Further, the influence degree rate is quantized, the correlation coefficient between the abnormal factor and the data quality rate is calculated by using a distance correlation algorithm, the correlation coefficient between a plurality of factors and the data quality is sequenced by using a correlation sequencing algorithm, and the data quality factor is finally determined. And then, analyzing the factors by adopting a clustering algorithm to the determined data quality factors to calculate a data quality criterion. The clustering algorithm can analyze the distribution position of the data with the maximum density in the data quality factor by adopting a Mean Shift algorithm, and the method randomly selects one data x in the abnormal data set as a current reference point according to the formula And calculating an offset mean value of the current datum point x, wherein g (x-xi)/h I2) is a kernel function, h is the size of a kernel, and the result value represents the weight of each sample point. If I M (x)>Move the point toThen, with this as a new start, the offset average is recalculated. Where ∈is the set threshold. After n movements, when m (x n ) When the coordinate value of the point is x, the point is considered to be moved to the place where the data is the most dense n I.e. the cluster center, the data quality criterion is |x-x n I < k×e, e is the standard deviation of the outlier dataset, x n As a data quality criterion, x is any one data in the abnormal data set, and k is a positive real number. x is taken as a datum point, x i Points other than this reference point are identified. Using the formula |x-x n And judging whether the data in the abnormal data set meets the data quality criterion or not. If the data quality is satisfiedAnd judging that the data has abnormal data quality problems according to the criterion. And generating a data quality list according to the identification result, and storing the data quality list in a classified mode according to classification labels, wherein each classification label corresponds to one data quality index, namely the data quality index, and the data quality index comprises correctness, completeness, consistency and effectiveness. The data quality list includes a plurality of data quality sets, each data quality set corresponding to a data quality indicator.

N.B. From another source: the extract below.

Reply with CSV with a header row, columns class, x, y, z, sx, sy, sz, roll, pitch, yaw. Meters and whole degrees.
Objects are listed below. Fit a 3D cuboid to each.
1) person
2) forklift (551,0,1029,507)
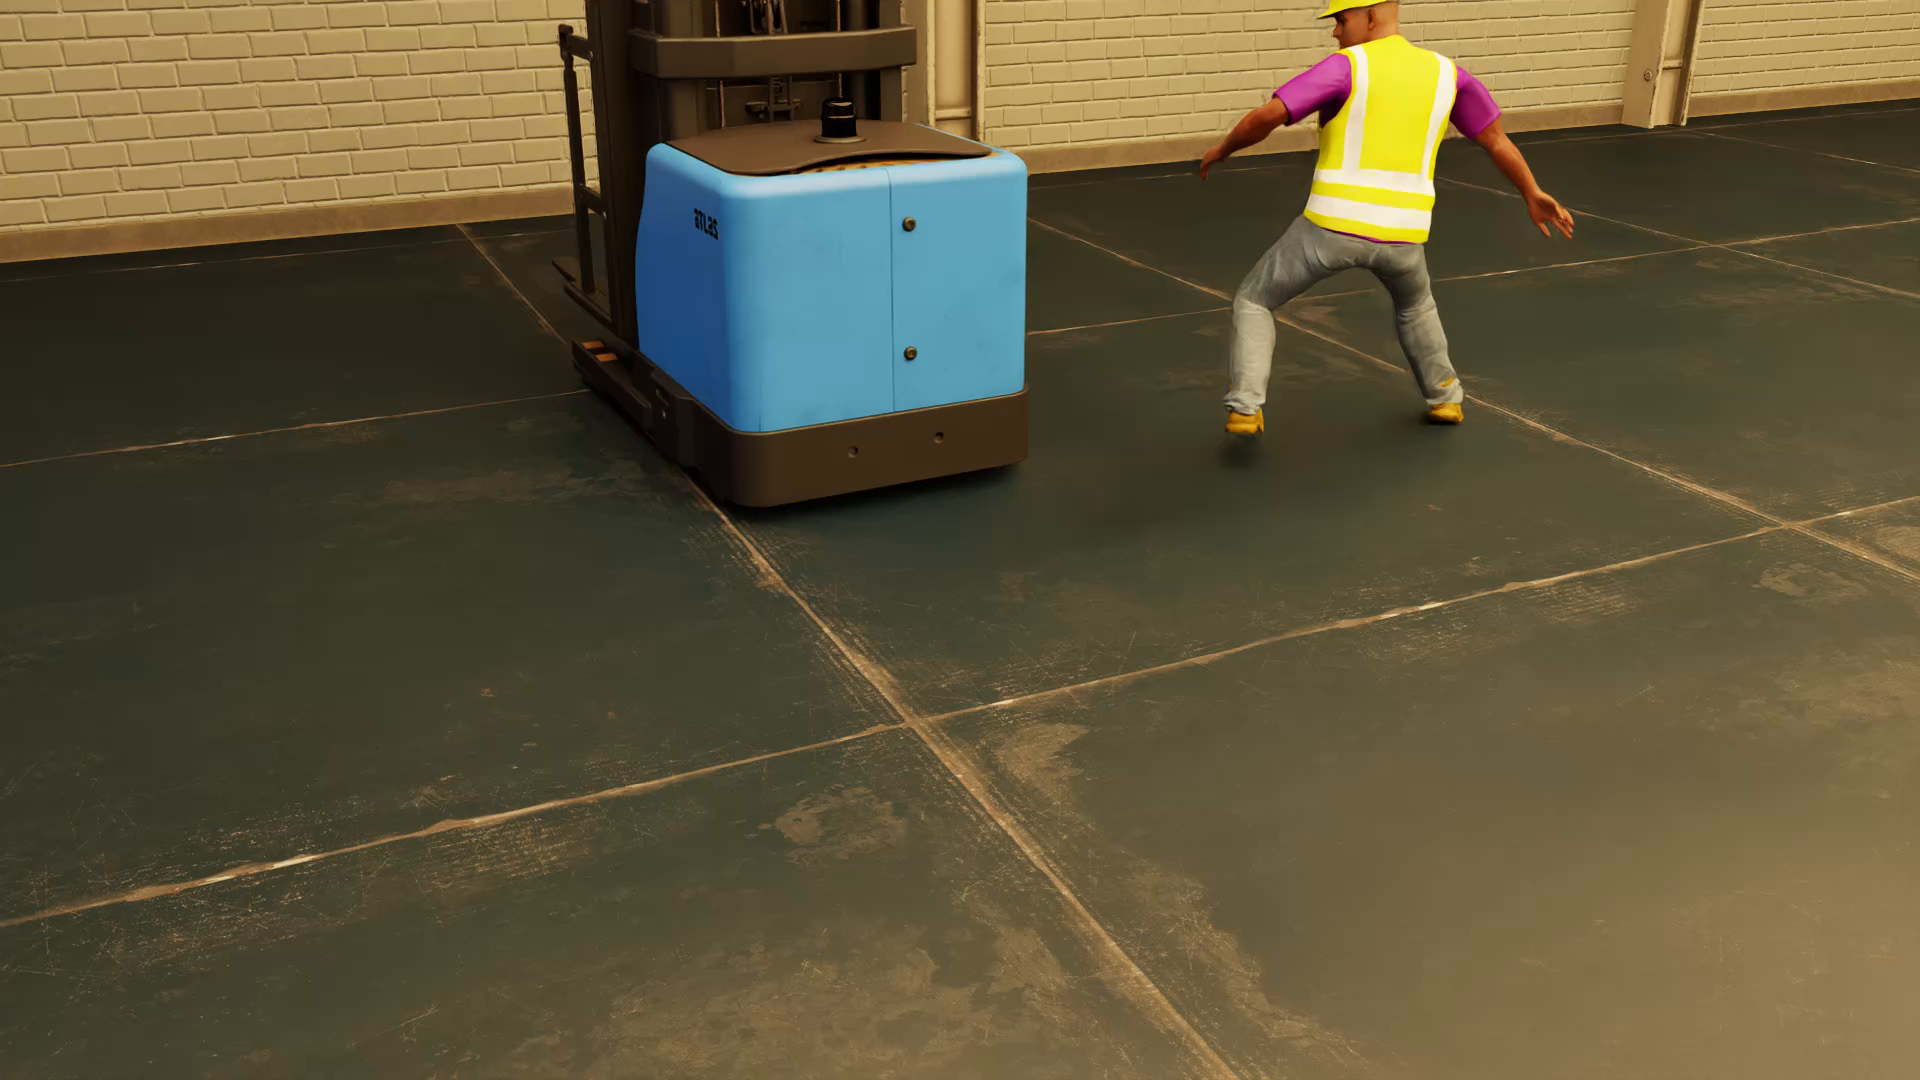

In some embodiments of the present application, indexes may be respectively established for each data quality set in the data quality list according to physical logic, so as to facilitate the user to perform the search query.
And S203, calculating the evaluation score of each data quality set according to the data quality index, and if the evaluation score is greater than a score threshold value, carrying out alarm prompt.
Wherein, the application is configured with a data quality index set. The set of data quality indicators comprises a plurality of data quality indicators, for example: the data quality index comprises correctness, integrity, consistency and validity, each data quality index is provided with a plurality of corresponding data quality index rules, each data quality index rule is used for checking each data in the data set, determining the number of data pieces which do not meet each data quality index rule, and then normalizing the number of data pieces, namely limiting the number of data pieces to a certain fixed range, for example: within [0, 100], each data quality index rule is configured with a weight, the size of the weight is between [0,1], and the sum of the weights of each data quality index rule is equal to 1. And calculating the evaluation score of the data quality index according to the weight and the normalized data number, and if the evaluation score is greater than a score threshold value, carrying out alarm prompt to prompt that the data quality index is abnormal. The alarm prompt may be: alerts are provided on the user's computer device in the form of sounds, messages or charts. In the embodiment of the present application, the score threshold values of the data quality indexes may be the same, or different score threshold values may be set for different data quality indexes, which is not limited in the present application.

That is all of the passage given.